How we build, perceive, experience, and share spaces
 
An informal workshop
Mind the gap will let us confront and analyse multiple aspects of space, from the perspectives of physics, architecture, urbanism, the arts, neuroscience, psychology, and philosophy. It will be hosted at SISSA, with the active participation of some of our PhD students in cognitive neuroscience and in other fields. We exist within a spatiotemporal dimension, one that we still think of as the condition for experience – as Kant had demonstrated in response to Newton’s view of space as the absolute reality, calling space and time the forms of intuition. The general theory of relativity displaced Newtonian assumptions, but our folk assumptions about our spatiotemporal experience have not followed. Nor are the psychology and physiology underlying our ability to navigate the environment reducible to physics. We imagine and remember ourselves in spaces. Architecture and design model space so that it becomes usable by the embodied, mobile, relational creatures that we are.

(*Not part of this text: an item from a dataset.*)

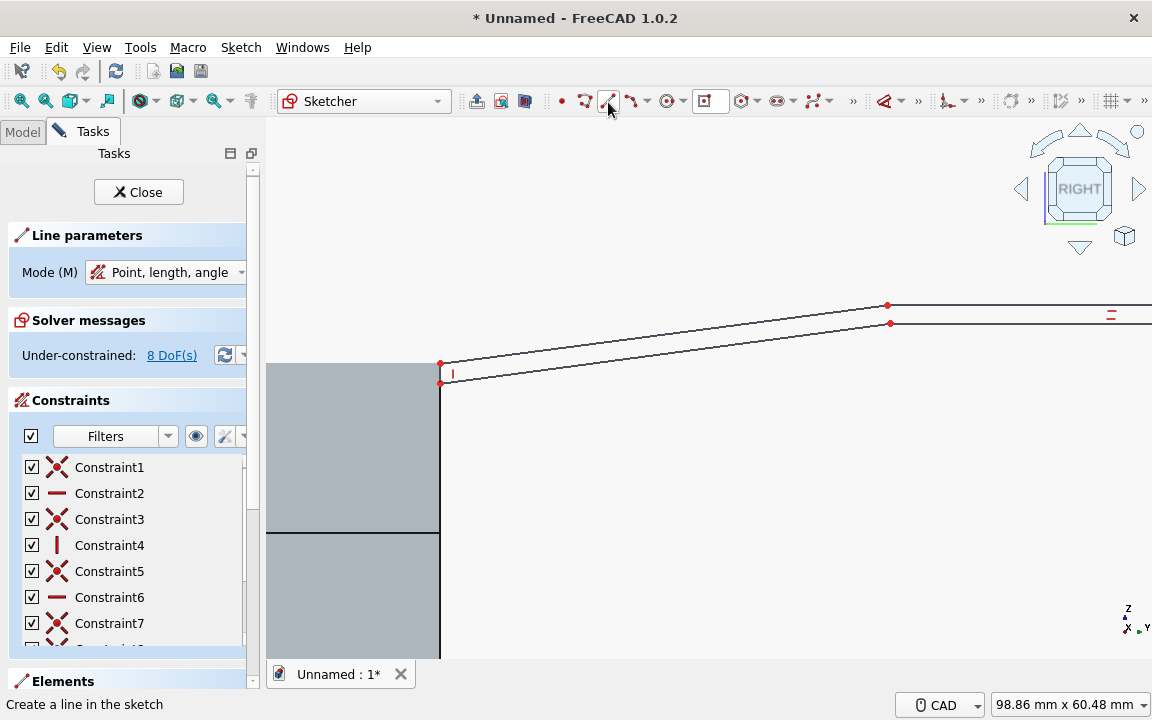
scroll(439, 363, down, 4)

The constructed spaces of cities determine social and economic behaviors, and the spaces between us are functions of emotional proximity and social cohesion. Our proprioceptive and peripersonal senses develop within socially shared spaces. The ability to direct our attention and movements in space appears to have evolved on a continuum with that in our most distant ancestors. It is now, however, being radically transformed by virtual communication, which separates audiovisual percepts from other modalities: it thereby leads to a loss of synchronous affect and of congruence between our embodied present within one spatial environment and the social, emotional and attentional relation to others. These are some of the themes we aim to cover in June.